◆ **Exercise requirements**: Find the number of lines below in which the word "techniques" appears, and write that number only.

◆ **Extracted data**:
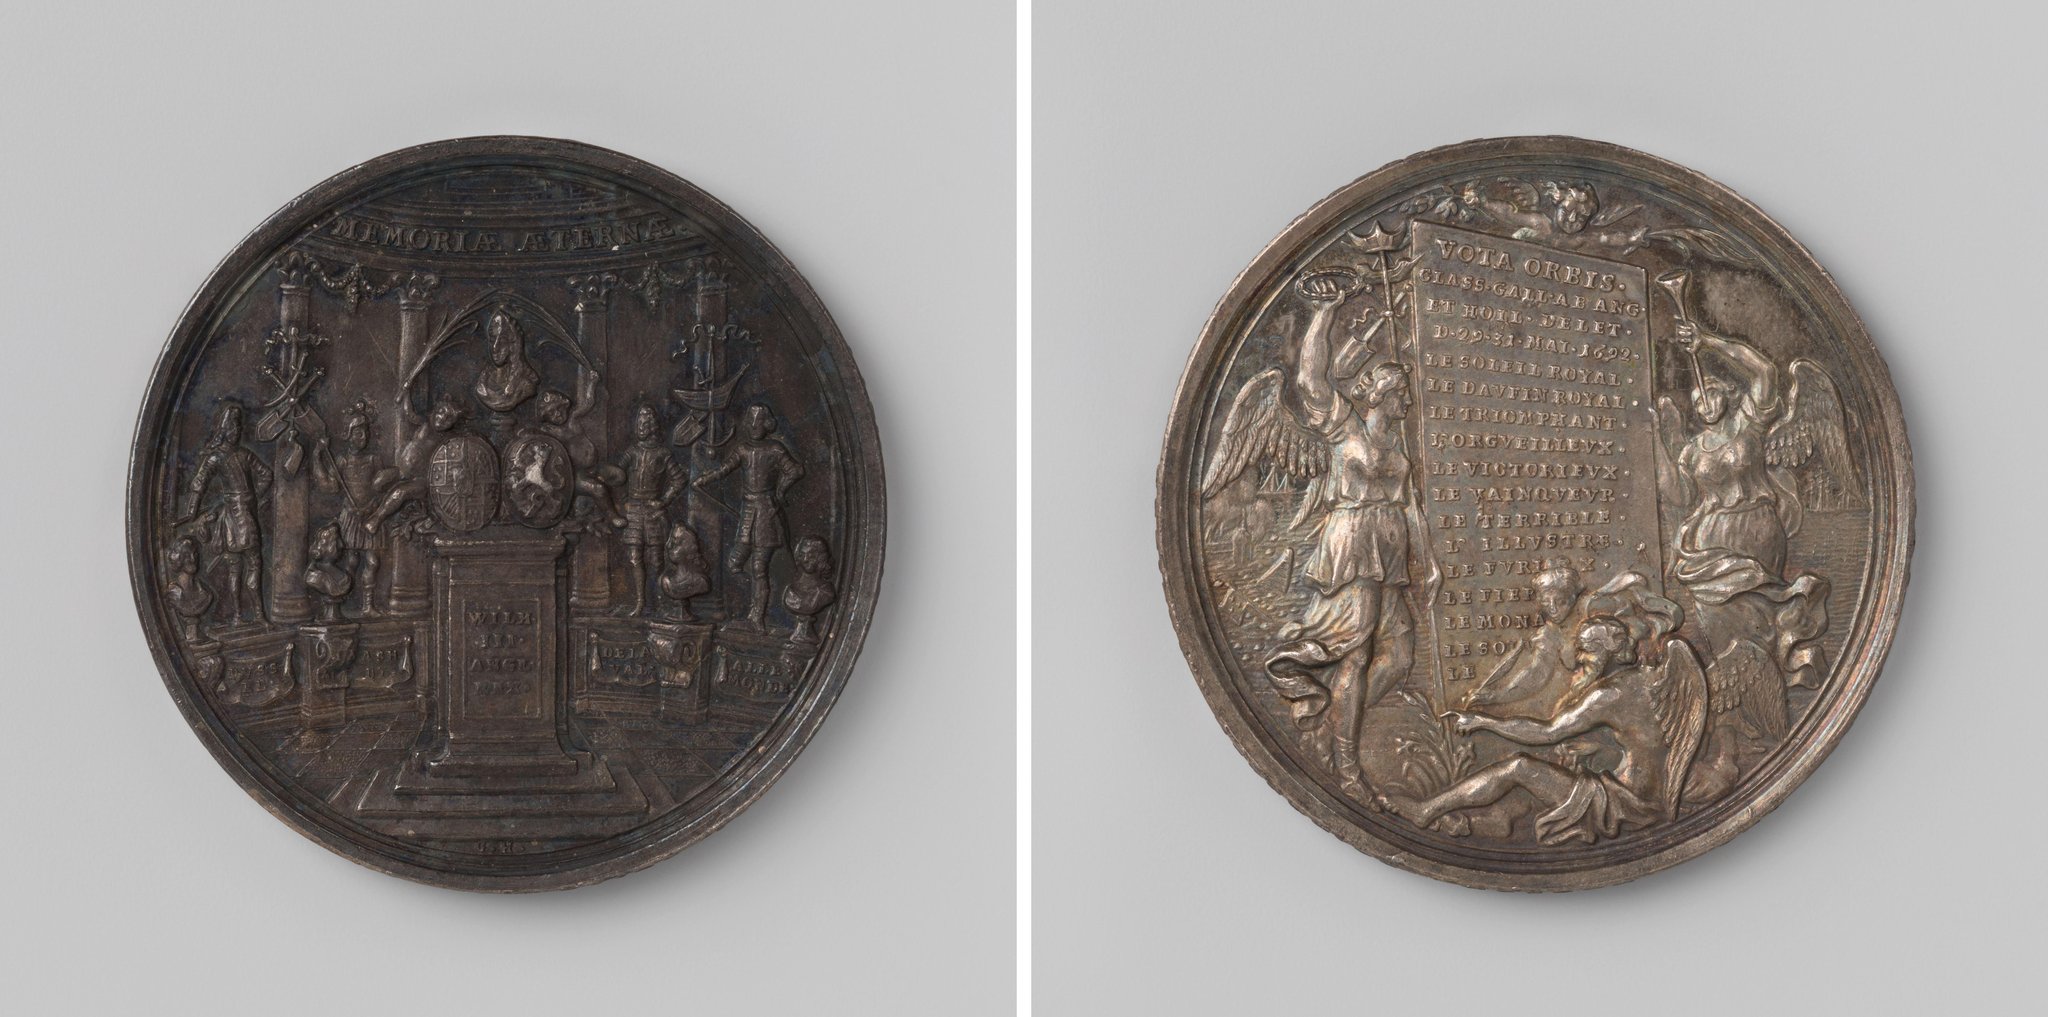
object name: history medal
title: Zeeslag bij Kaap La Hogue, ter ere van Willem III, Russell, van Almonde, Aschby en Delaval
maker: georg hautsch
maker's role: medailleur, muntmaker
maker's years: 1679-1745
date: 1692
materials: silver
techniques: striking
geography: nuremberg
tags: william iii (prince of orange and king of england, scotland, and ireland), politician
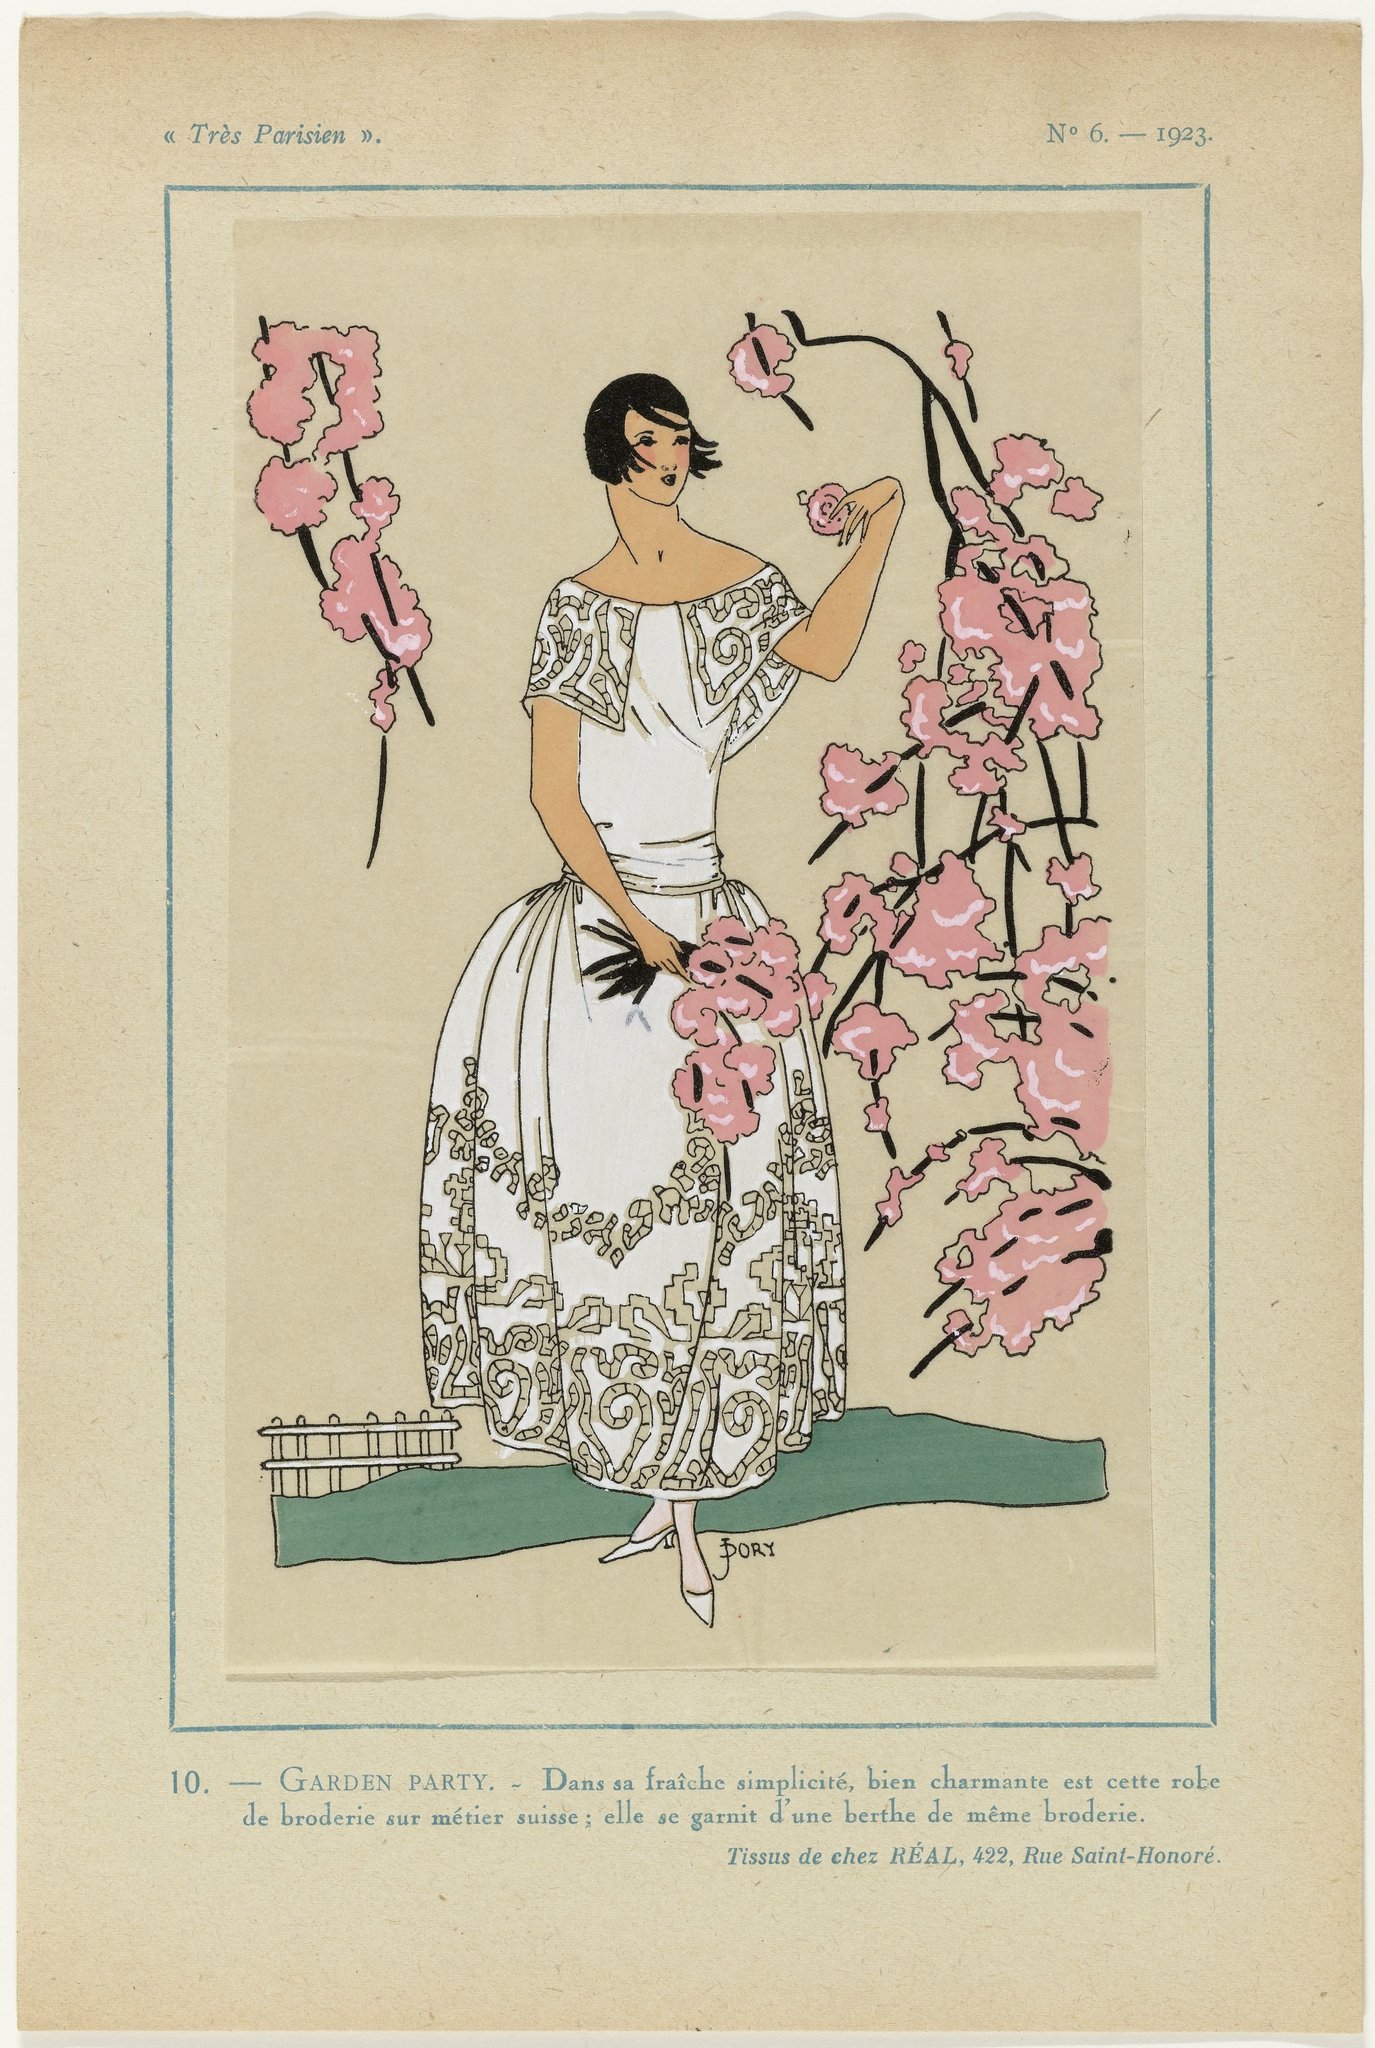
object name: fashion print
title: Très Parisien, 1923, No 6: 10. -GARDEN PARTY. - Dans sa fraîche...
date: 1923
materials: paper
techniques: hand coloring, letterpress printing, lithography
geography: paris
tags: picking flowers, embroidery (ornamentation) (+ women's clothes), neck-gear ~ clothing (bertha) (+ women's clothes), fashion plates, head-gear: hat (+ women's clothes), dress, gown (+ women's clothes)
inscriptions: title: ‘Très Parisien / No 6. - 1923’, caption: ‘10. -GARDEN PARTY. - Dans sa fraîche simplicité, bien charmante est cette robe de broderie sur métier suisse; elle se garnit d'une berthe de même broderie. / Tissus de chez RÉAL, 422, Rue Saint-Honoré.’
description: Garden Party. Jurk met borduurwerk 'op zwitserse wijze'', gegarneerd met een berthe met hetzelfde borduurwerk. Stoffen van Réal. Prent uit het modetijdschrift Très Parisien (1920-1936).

==

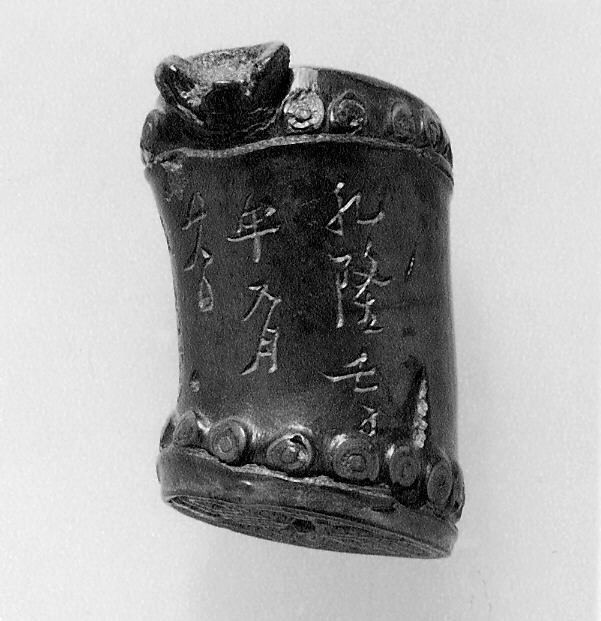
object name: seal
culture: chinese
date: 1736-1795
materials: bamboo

* * *

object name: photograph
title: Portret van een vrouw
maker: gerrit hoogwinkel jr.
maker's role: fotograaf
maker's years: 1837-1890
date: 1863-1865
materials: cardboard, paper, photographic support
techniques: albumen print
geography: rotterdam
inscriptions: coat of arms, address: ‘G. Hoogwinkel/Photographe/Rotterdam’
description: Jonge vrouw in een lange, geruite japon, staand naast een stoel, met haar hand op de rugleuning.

◆ **Answer to this task**: 3